(TO DO): Only the number is needed: how many lines in the entries below contain the string "each"?

(PROVIDED MATERIAL):
-----

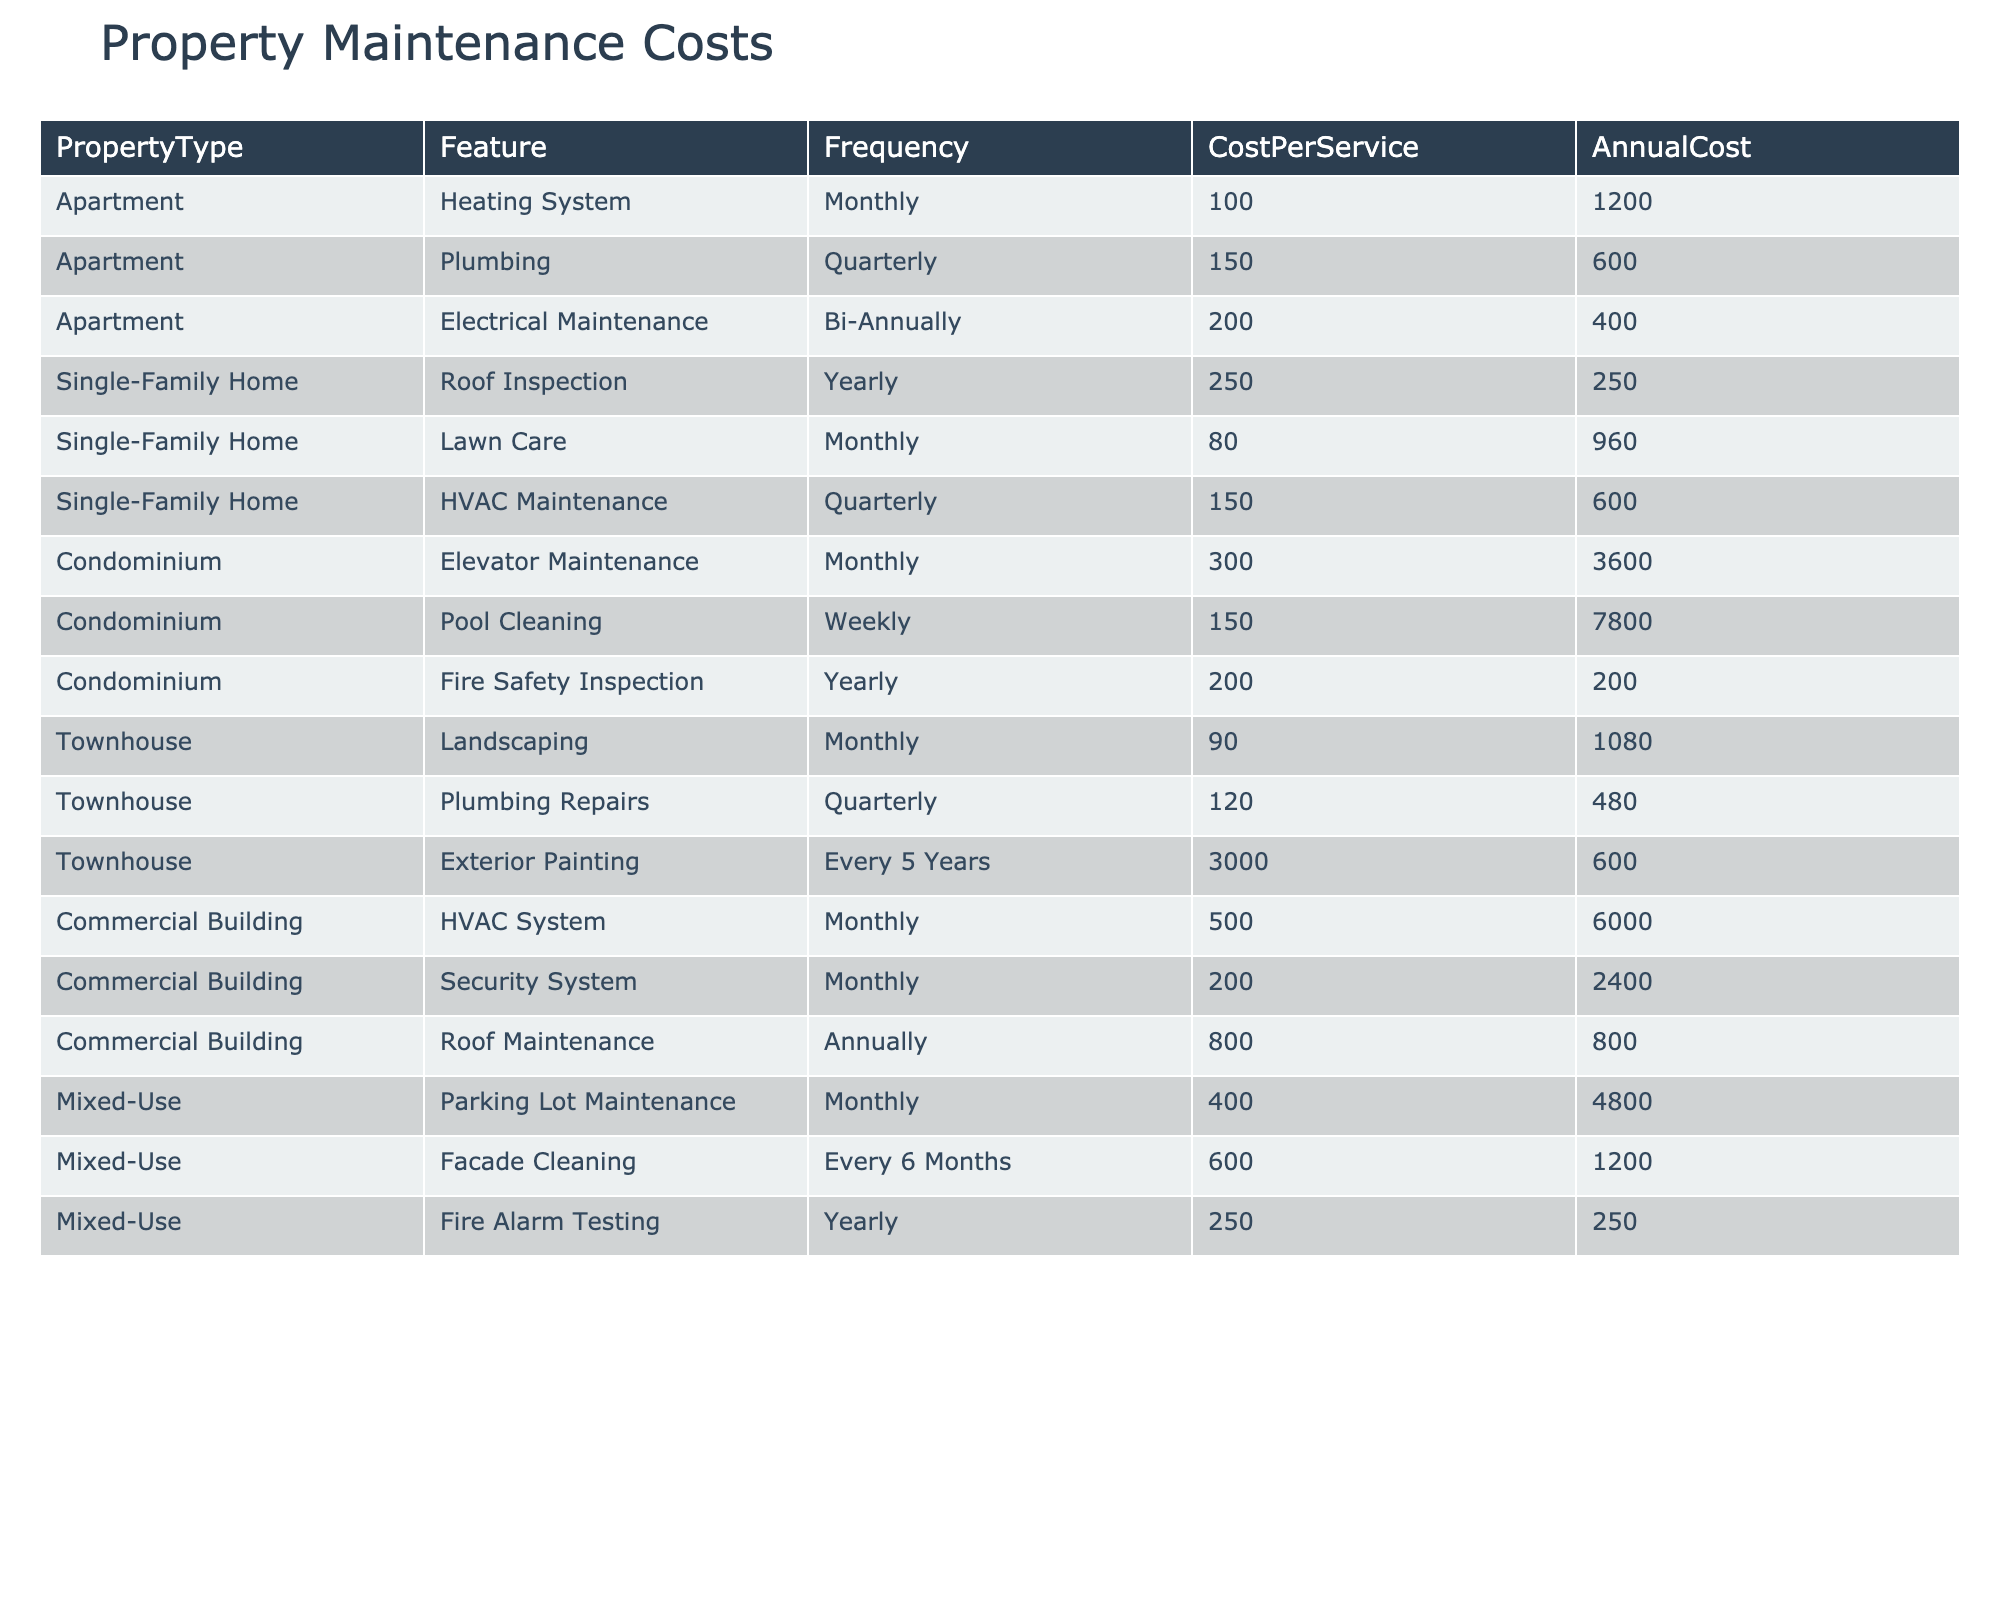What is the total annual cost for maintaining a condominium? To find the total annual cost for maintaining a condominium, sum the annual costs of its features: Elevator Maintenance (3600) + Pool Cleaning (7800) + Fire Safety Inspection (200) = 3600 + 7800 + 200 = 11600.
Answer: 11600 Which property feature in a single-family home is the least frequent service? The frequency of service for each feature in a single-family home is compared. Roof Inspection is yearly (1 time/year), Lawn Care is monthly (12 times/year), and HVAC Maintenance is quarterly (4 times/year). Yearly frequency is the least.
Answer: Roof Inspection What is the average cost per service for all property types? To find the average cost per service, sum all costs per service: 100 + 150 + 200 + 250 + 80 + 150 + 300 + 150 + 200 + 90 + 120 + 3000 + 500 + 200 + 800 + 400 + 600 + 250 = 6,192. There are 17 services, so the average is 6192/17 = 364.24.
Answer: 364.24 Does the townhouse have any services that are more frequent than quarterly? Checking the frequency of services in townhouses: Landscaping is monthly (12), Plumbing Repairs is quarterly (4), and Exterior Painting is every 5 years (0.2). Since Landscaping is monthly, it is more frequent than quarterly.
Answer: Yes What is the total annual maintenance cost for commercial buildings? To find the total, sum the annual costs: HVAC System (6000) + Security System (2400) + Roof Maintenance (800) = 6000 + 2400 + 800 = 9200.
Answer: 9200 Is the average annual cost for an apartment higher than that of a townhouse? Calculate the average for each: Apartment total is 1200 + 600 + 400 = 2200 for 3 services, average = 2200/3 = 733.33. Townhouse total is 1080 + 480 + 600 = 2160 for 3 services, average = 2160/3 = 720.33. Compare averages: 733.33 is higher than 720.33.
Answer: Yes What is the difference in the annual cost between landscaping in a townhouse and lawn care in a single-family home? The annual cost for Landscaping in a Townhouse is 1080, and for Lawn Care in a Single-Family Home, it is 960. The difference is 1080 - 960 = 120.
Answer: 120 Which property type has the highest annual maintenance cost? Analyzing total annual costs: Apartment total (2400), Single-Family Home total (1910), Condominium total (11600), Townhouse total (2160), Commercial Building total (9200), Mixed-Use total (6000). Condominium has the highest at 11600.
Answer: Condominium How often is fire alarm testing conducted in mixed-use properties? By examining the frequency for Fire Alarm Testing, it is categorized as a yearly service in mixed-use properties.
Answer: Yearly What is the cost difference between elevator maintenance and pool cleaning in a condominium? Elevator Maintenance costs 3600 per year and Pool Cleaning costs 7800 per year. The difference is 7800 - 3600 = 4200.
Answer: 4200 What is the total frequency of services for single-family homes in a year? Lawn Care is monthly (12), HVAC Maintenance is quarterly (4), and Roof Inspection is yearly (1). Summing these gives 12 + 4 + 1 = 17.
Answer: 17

-----

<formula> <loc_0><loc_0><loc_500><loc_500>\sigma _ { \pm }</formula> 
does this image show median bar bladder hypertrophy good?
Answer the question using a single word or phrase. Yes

-----

(TASK RESULT): 2